Apple and Samsung are two competing tech giants who will never see eye to eye on many things. To make this ongoing battle even more intriguing, Apple has now officially banned the Samsung Pay Mini app from its App Store. It remains unclear why this decision was made, but Samsung has already told the media that they will solely focus on Android devices moving forward.

Samsung Pay Mini App  Not Welcome on iOS

Any payment application that can compete with Apple’s own Apple Pay will be scrutinized a lot more compared to other applications. That is only to be expected, as the technology giant enjoys offering its locked-down ecosystem to users, and does not want other companies to compete with their offerings. One of those competitors is Samsung, who have their own mobile payment applications.

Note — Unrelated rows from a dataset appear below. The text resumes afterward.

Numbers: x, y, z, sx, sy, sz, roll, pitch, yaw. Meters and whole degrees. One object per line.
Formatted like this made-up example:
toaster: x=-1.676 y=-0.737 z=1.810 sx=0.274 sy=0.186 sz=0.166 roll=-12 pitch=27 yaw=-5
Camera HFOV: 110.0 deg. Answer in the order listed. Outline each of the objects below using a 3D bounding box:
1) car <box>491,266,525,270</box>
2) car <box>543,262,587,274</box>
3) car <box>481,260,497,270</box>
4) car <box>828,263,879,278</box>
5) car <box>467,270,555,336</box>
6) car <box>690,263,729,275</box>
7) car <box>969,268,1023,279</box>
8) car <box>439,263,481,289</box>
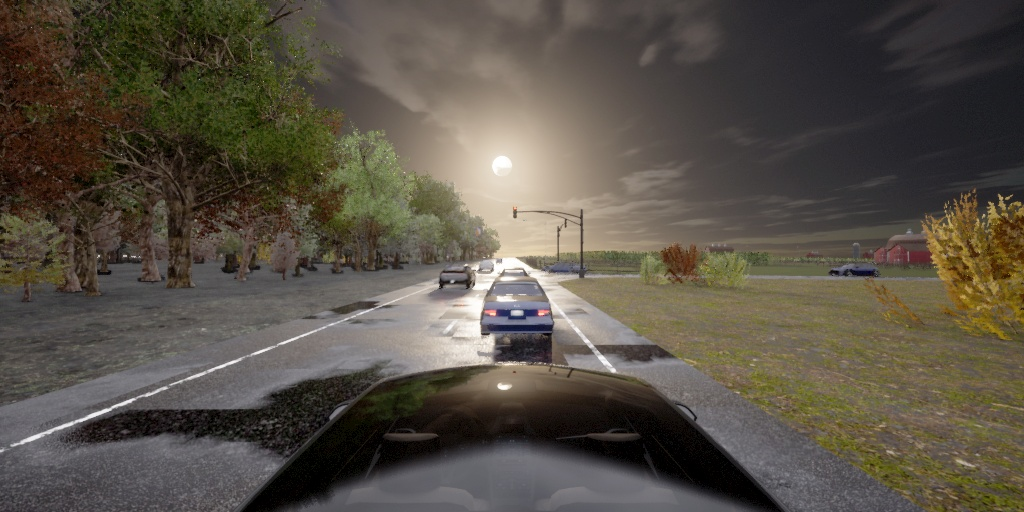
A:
car: x=0.114 y=1.318 z=19.638 sx=1.994 sy=1.385 sz=4.181 roll=0 pitch=0 yaw=0
car: x=6.412 y=1.456 z=43.830 sx=5.357 sy=1.411 sz=2.033 roll=0 pitch=-1 yaw=26
car: x=-3.379 y=1.282 z=48.109 sx=1.812 sy=1.442 sz=4.674 roll=0 pitch=0 yaw=0
car: x=39.609 y=1.592 z=41.649 sx=4.553 sy=1.767 sz=2.097 roll=1 pitch=-1 yaw=0
car: x=0.105 y=1.300 z=10.396 sx=2.033 sy=1.411 sz=5.357 roll=0 pitch=0 yaw=0
car: x=22.957 y=1.565 z=41.741 sx=4.892 sy=1.490 sz=1.837 roll=1 pitch=-1 yaw=0
car: x=51.436 y=1.910 z=37.965 sx=4.718 sy=1.301 sz=1.895 roll=1 pitch=-1 yaw=1
car: x=-3.391 y=1.247 z=22.849 sx=2.128 sy=1.511 sz=4.902 roll=0 pitch=0 yaw=0
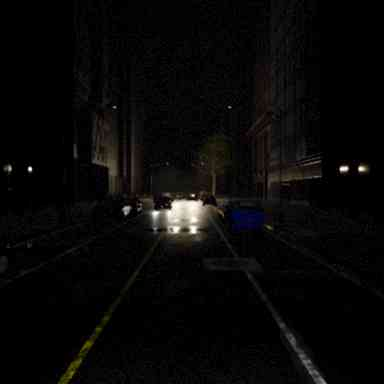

Or to be more precise, Samsung had its own payment apps available to iOS users. Last night, Apple decided to ban Samsung Pay Mini from the Apple App Store for an unknown reason. This is not an entirely surprising decision, although some experts see this as a wrong move by Apple. One could argue that this move will only benefit unfair competition guidelines, and Apple is setting a dangerous precedent by doing so.

This new app by Samsung is created specifically for mobile devices that are not Samsung-branded. Under the hood, it offers virtually the same functionality as the regular Samsung Pay app, as consumers can complete transactions with their smartphone. In doing so, the technology company becomes one of the first to make their payment system accessible to other ecosystems.




For now, it remains unclear why this decision was made. Getting an application published on the Apple App Store is very straightforward, yet there is no clear mention of why Samsung Pay Mini would be banned. Considering how Apple has been letting several malicious Bitcoin wallet apps through, it appears that they are maintaining double standards.

To make things even stranger, Samsung has decided not to fight this decision. Instead, they will continue to develop the Pay Mini app, but only for the Android ecosystem. Considering that this is still the largest smartphone market, the decision can easily be justified. Recent statistics indicate that Android is present on 87.5% of all smartphones in circulation right now.

It also appears that this decision is only affecting the South Korean market right now, as the news was initially reported by South Korean sources. Samsung Pay Mini and Apple Pay would be launching around the same time in the Country, yet it appears that Apple has launched their pre-emptive strike already. It is unclear if this decision will also affect other countries or just this region.